Items from a dataset:
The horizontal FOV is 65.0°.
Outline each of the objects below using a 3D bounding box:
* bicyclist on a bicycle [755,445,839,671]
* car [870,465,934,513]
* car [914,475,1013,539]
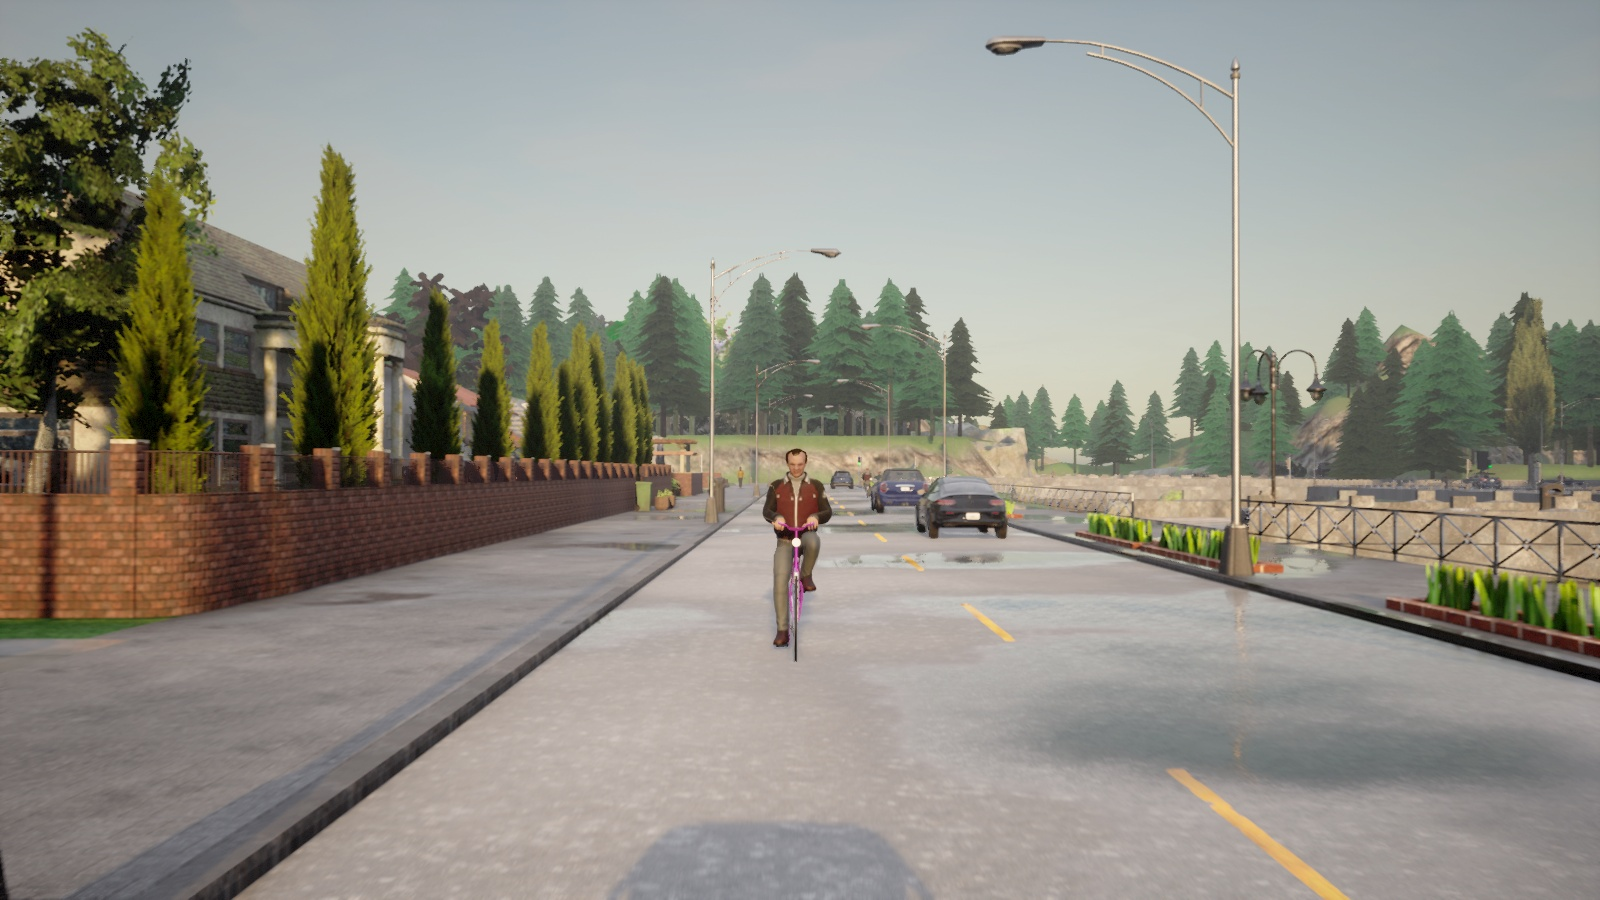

**TASK TO CARRY OUT:** From the line with "a bicycle [755,445,839,671]" to the final line of the records, inclusive, set down the lines exactly and add nothing; leave every picture out.

**REPLY TO THE EXERCISE:**
* bicyclist on a bicycle [755,445,839,671]
* car [870,465,934,513]
* car [914,475,1013,539]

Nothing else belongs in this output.